[Data excerpts]

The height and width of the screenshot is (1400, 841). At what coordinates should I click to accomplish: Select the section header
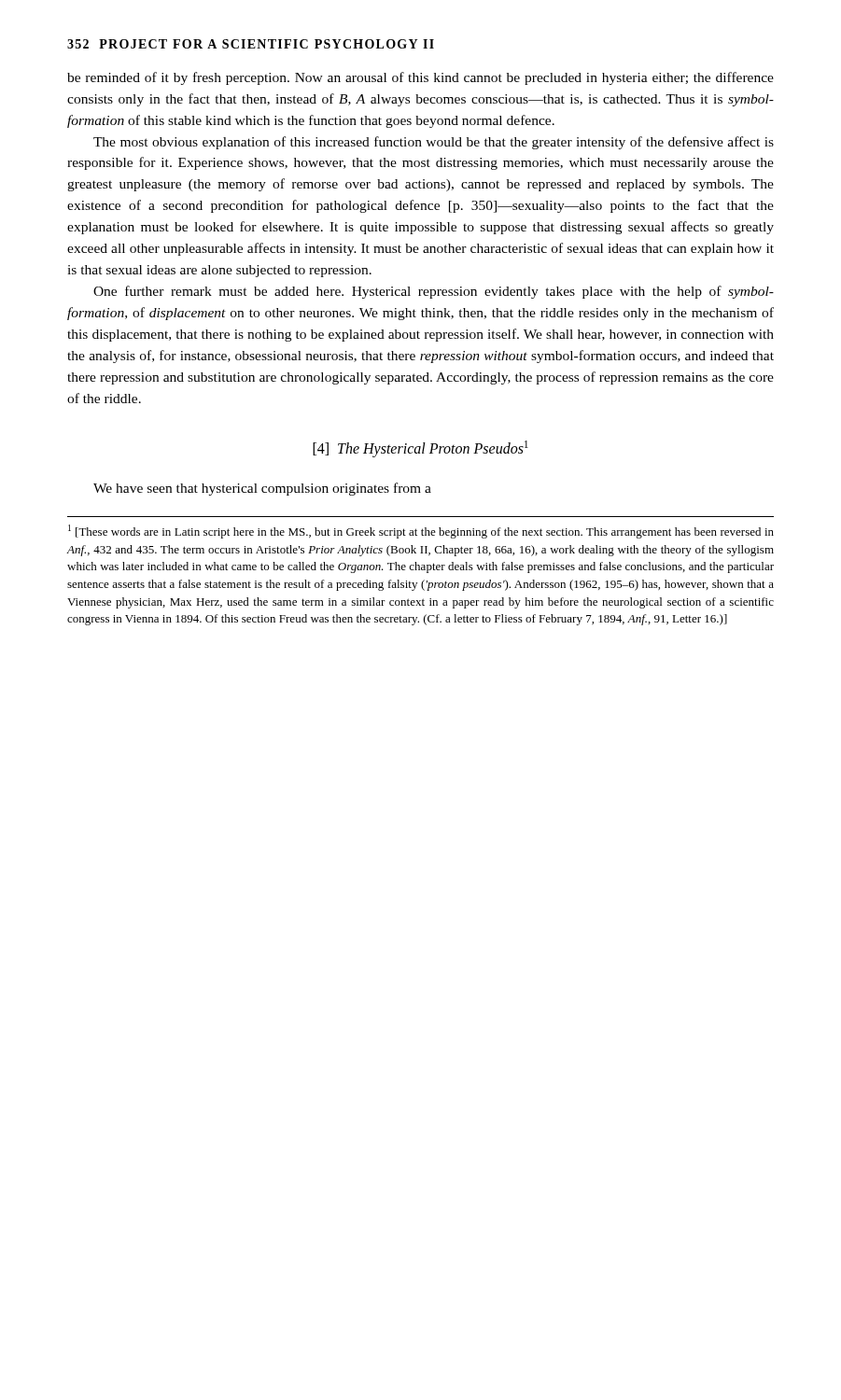click(x=420, y=447)
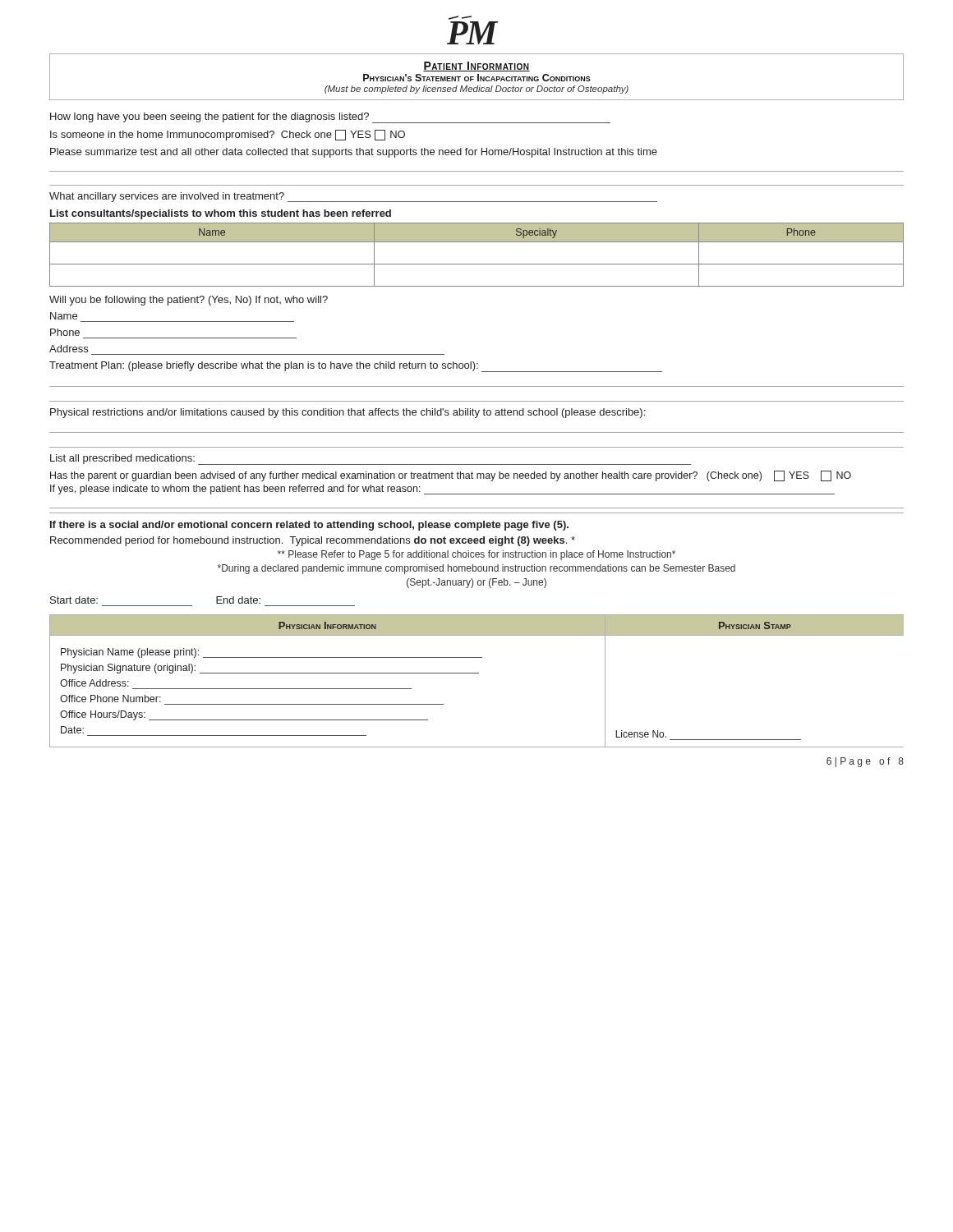Find the logo
Screen dimensions: 1232x953
[476, 32]

TASK DIRECTIONS:
Above are the records; reproduce them exactly and leave out the pictures.

TASK OUTPUT:
The height and width of the screenshot is (1400, 841). At what coordinates should I click to accomplish: Select the section header
click(x=420, y=447)
Find the logo
Screen dimensions: 1232x953
[476, 32]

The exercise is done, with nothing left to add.